The closest I'm seeing in the text to that plain statement is on DMG p65, under Spell Casting During Melee, item 2, "Attacks directed at spell casters will come on that segment of the round shown on their opponent's or their own side's initiative die, whichever is applicable. (If the spell caster's side won the initiative with a roll of 5, the attack must come then, not on the opponent's losing roll of 4 or less). Thus, all such attacks will occur on the 1st-6th segments of the round."
OK, so my guy with a two handed sword who loses initiative attacks the spellcaster on their initiative which is in the first 1-6 segments of the round, implied segment 2 for the winning side rolling a 5. All his other two-handed sword buddies trading blows in melee go at segments 3-6 depending on their losing initiative roll.

But wait . . .
And on p66-67 Other Weapon Factor Determinants: "The speed factor of a weapon also determines when the weapon strikes during the course of the round with respect to opponents who are engaged in activity other than striking blows. Thus, suppose side A, which has achieved initiative (action) far the round, has a magic-user engaged in casting a spell. Compare the speed factor of the weapon with the number of segments which the spell will require to cast to determine if the spell or the weapon will be cast/strike first, subtracting the losing die roll on the initiative die roll from the weapon factor and treating negative results as positive. Example: A sword with a factor of 5 (broad or long) is being used by an opponent of a magic user attempting to cast a fireball spell (3 segment casting time). If the sword-wielding attacker was represented by a losing initiative die roll of 1,the spell will be cast prior to the sword's blow. A 2 will indicate that the spell and the blow are completed simultaneously. A 3-5 will indicate that the blow has a chance of striking (if a successful "to hit" roll is made) before the spell is cast, arriving either as the spell is begun or during the first segment of its casting. Suppose instead that a dagger were being employed. It has a speed factor of only 2, so it will strike prior to spell completion if the initiative roll which lost was 1-4 (the adjusted segment indicator being 1, 0, 1, 2 respectively) and simultaneously if the die score was a 5. If the weapon being employed was a two-handed sword (or any other weapon with a speed factor of 10, or 9 for that matter) there would be no chance far the reacting side to strike the spell caster prior to completion of the fireball. Note that even though a spell takes but 1 segment to complete, this is 6 seconds, and during that period a reacting attacker might be able to attack the magic-user or other spell caster prior to actual completion of the spell! If combat is simultaneous, there is no modification of the weapon speed factor."
So no my two-handed sword wielder only starts counting down till their action on segment 2, the fireball goes off at 5 and his attack comes later, probably after his buddy with a two-handed sword engaged with an opponent striking blows gets off their attack at segments 3-6.
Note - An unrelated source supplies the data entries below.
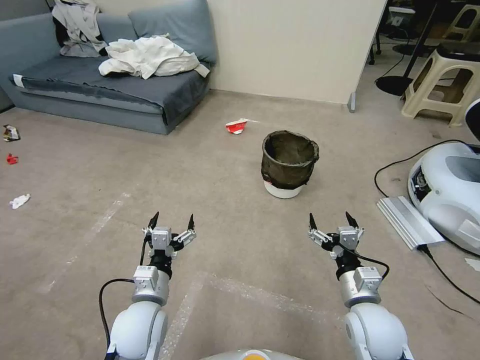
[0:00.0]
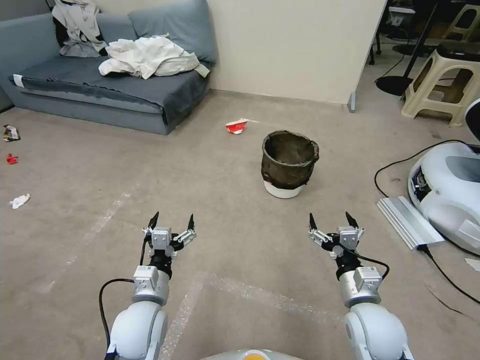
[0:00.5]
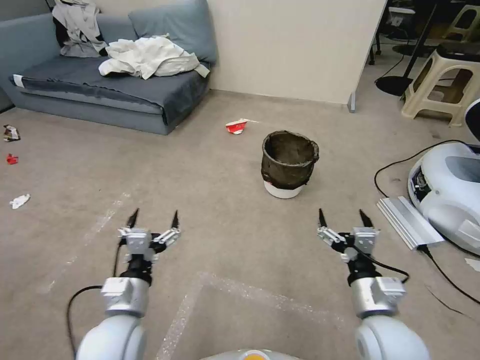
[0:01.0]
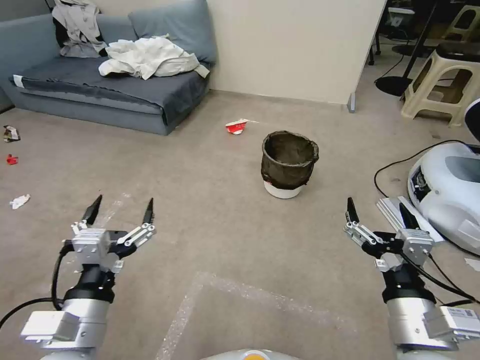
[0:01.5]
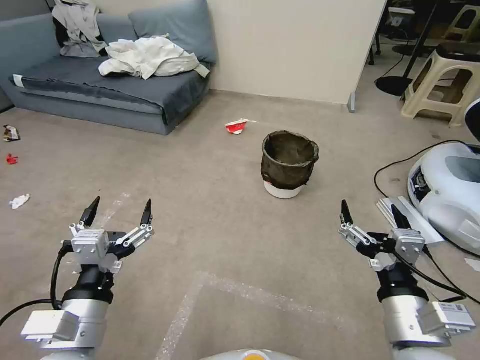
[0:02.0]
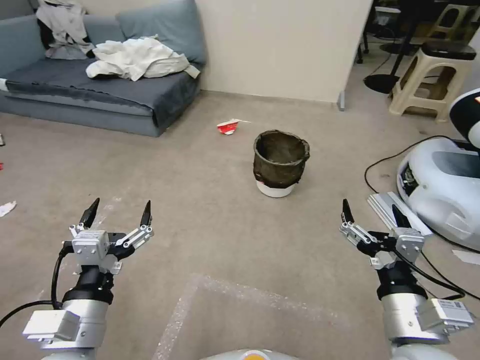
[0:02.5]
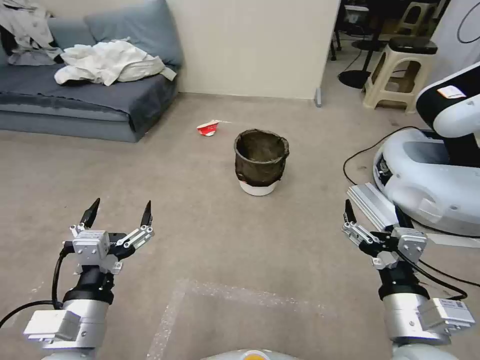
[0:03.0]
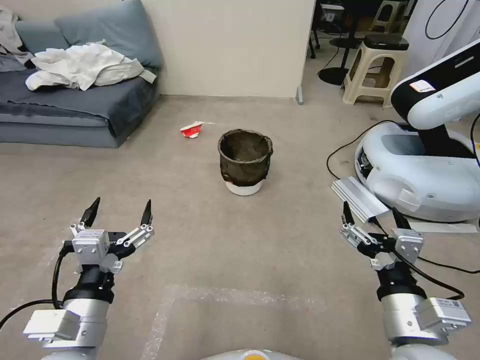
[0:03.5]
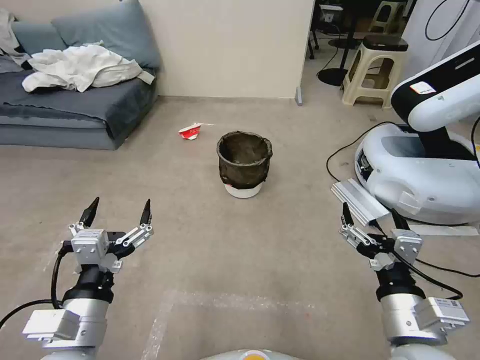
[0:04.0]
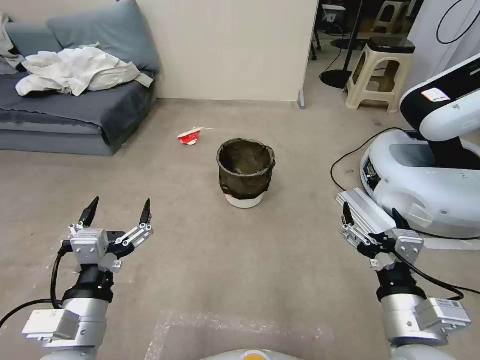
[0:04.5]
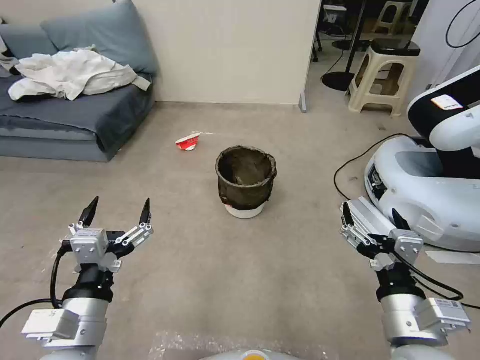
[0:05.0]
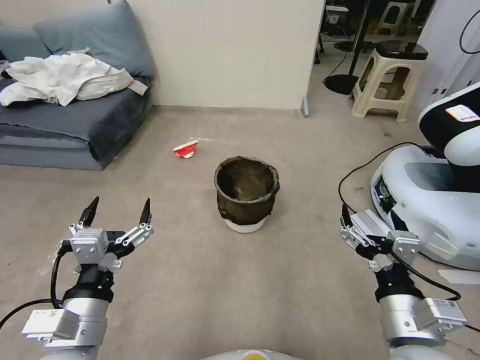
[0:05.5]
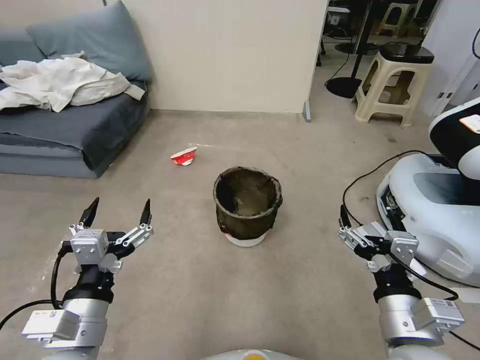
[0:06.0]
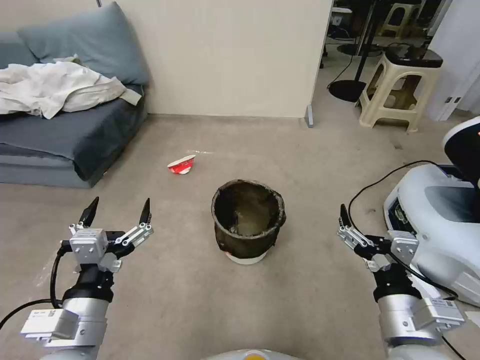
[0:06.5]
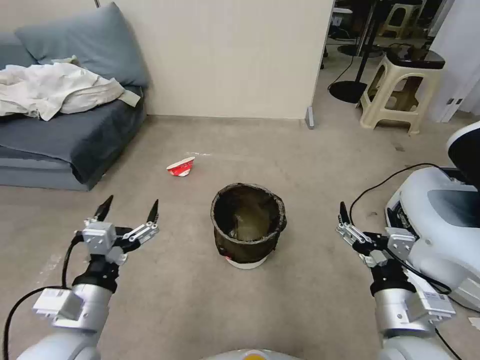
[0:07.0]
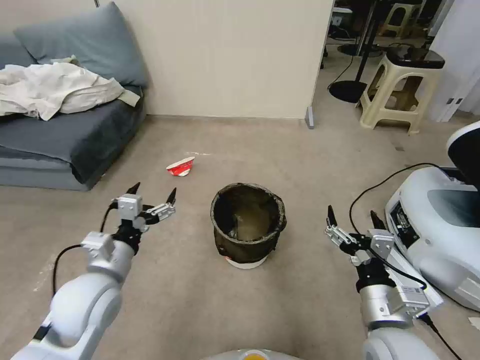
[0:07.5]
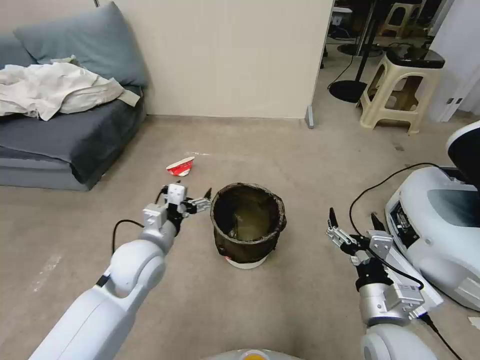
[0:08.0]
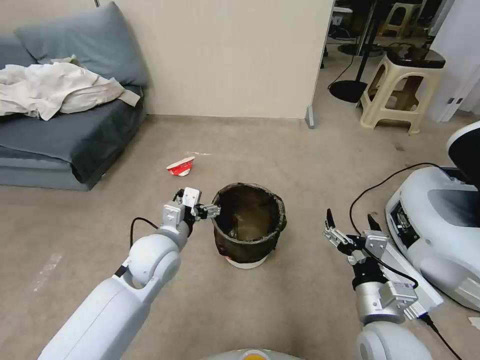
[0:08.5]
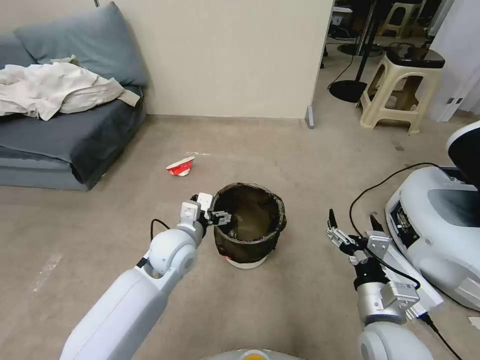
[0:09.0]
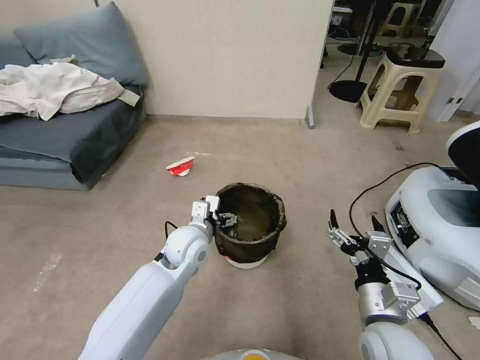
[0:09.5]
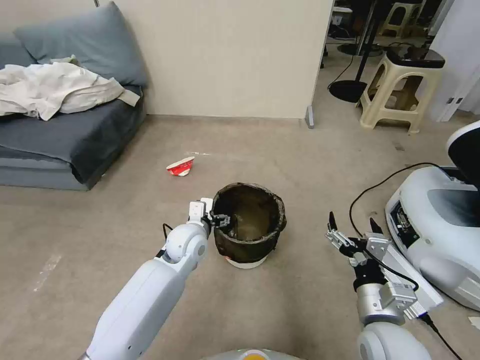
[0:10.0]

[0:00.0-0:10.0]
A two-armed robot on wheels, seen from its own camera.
Task of the whole recording: Pick up the trash can from the floor.
0:06.0 to 0:08.0: The left gripper goes approximately 20 cm forward, while the right gripper goes approximately 5 cm downward.
0:08.0 to 0:10.0: The left gripper heads forward, to the right and downward, covering approximately 15 cm.

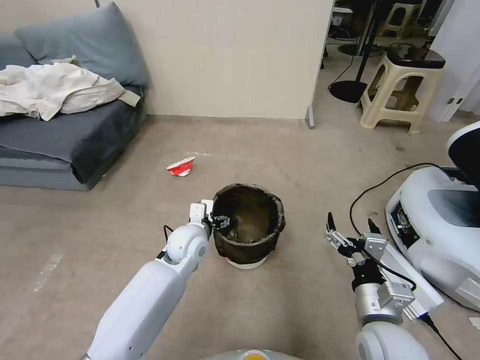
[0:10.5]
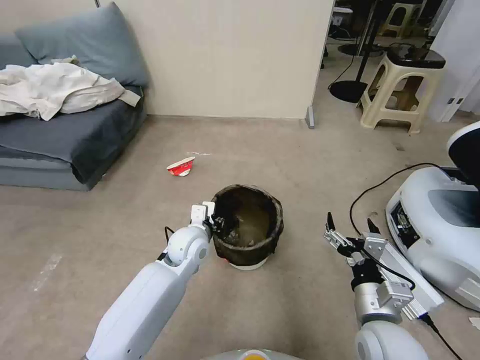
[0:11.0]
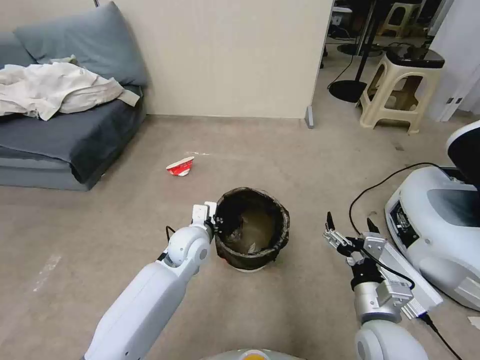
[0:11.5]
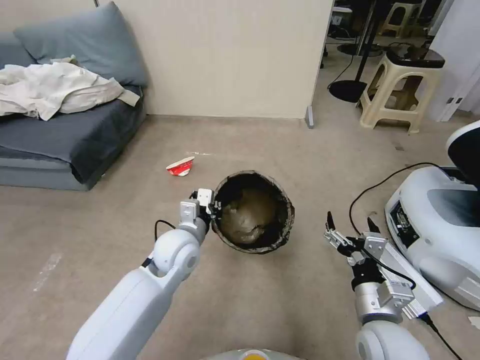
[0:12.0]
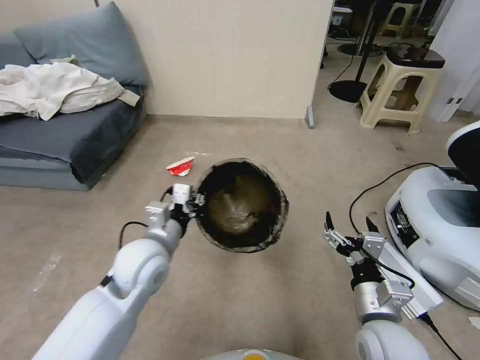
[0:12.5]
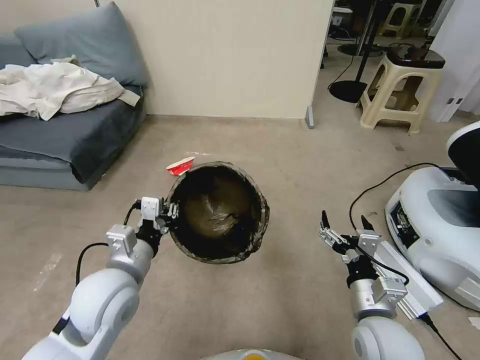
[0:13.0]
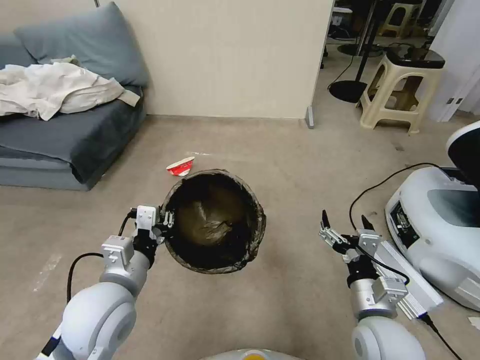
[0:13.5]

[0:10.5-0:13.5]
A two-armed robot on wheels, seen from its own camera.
Task of the whole recording: Pick up the trash can from the floor.
0:10.5 to 0:12.0: The left gripper travels upward by about 5 cm, and closes.
0:12.0 to 0:13.5: The left gripper moves backward, to the left and upward, about 15 cm.

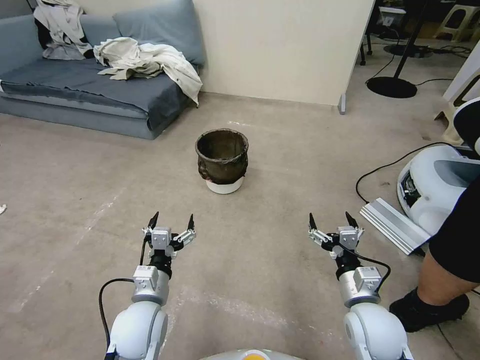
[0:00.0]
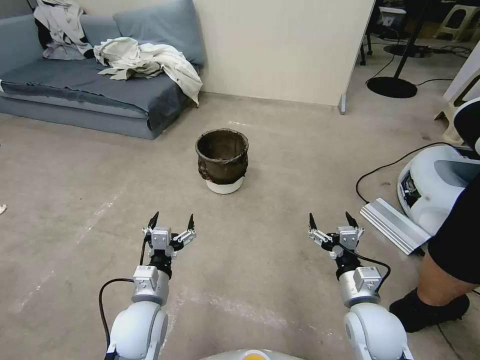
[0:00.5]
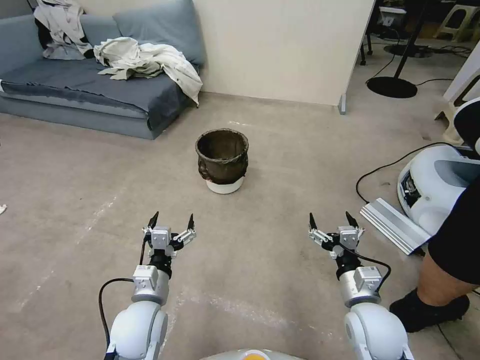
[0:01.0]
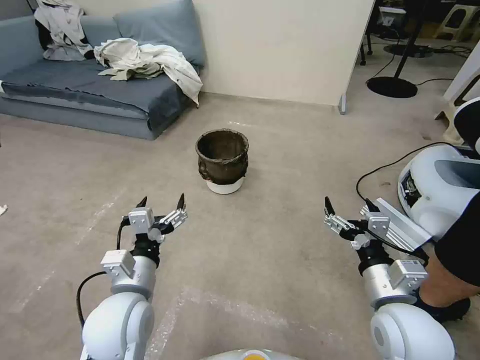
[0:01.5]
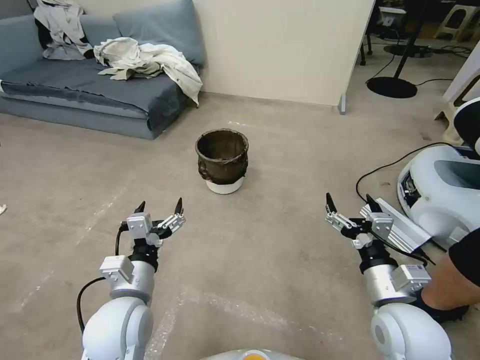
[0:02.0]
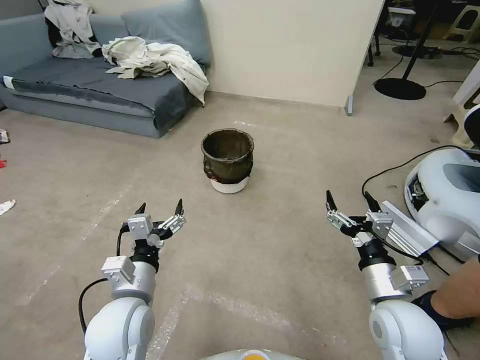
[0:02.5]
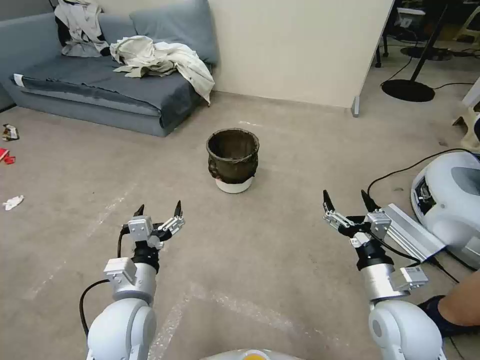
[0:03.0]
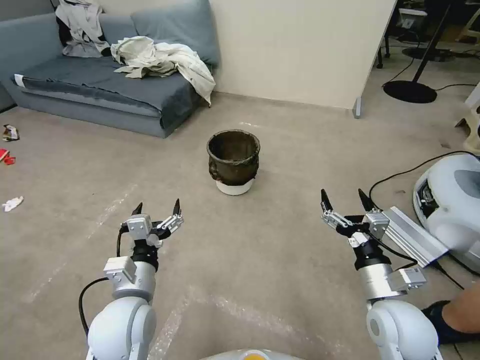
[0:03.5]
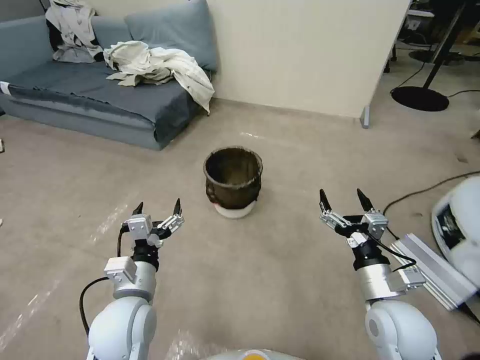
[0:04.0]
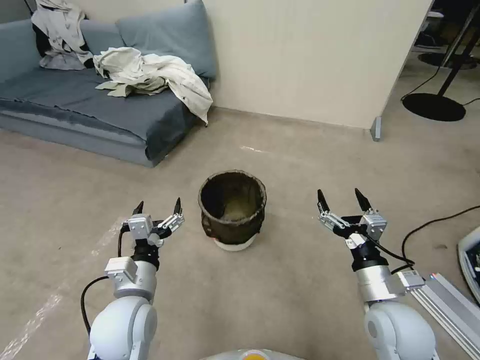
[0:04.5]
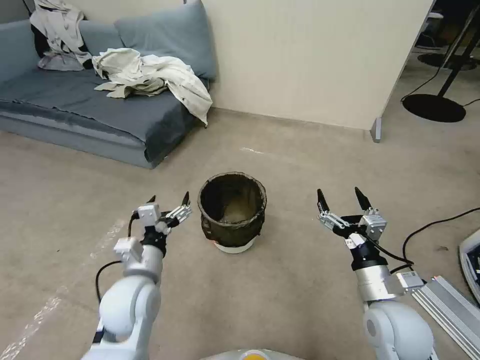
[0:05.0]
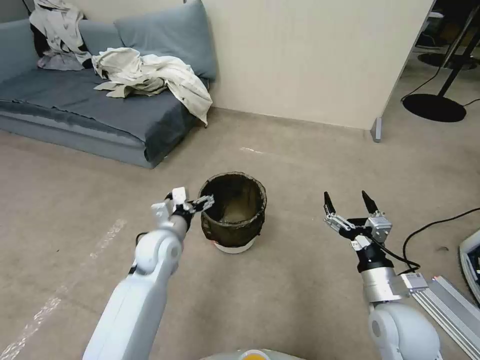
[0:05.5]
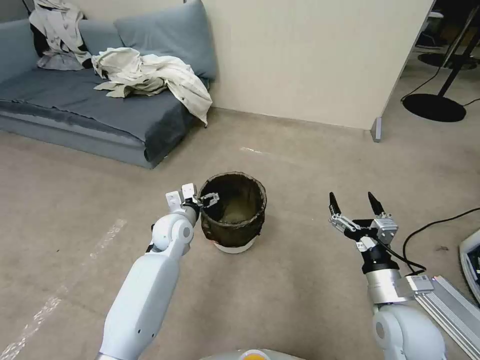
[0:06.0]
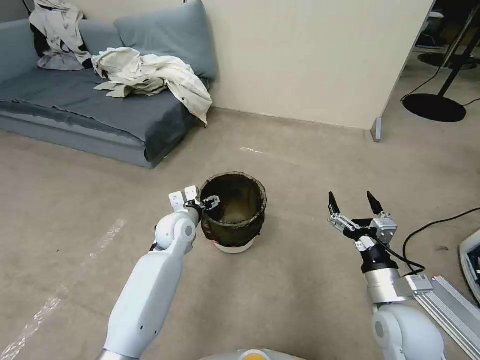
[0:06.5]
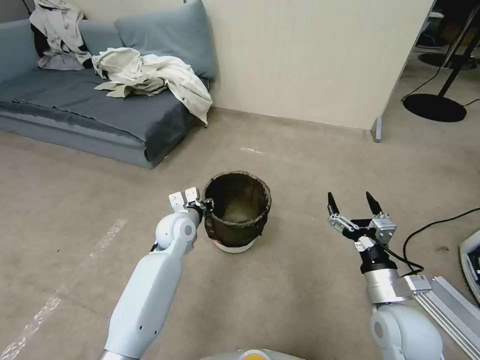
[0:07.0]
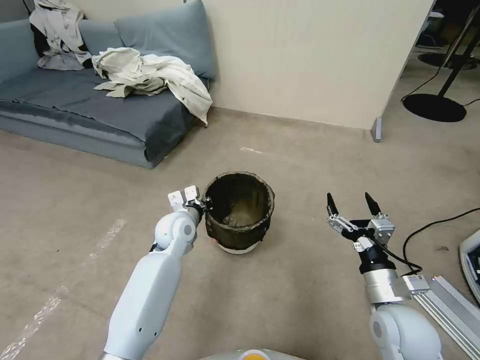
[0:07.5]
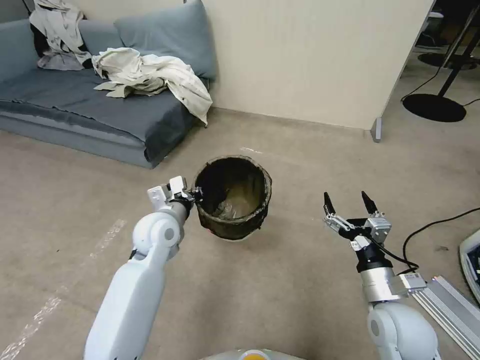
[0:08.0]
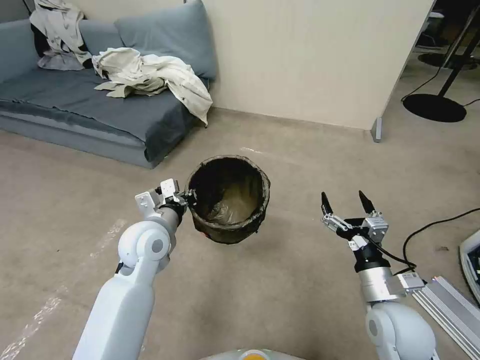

If it was a 1 segment magic missile going off at 3 I am not sure, does the MU attacker go at 3 or 4, possibly before his two-hander buddy trading blows to the side or 10 segments after segment 2 (the next melee round)?

If it was a sixth level 6 segment casting time disintegrate, the spell and two-handed sword attack on the MU would come after the melee brawl two-handed attacks are resolved.
 

Yeah it's a big ol' mess and not really worth the effort to reconcile textually.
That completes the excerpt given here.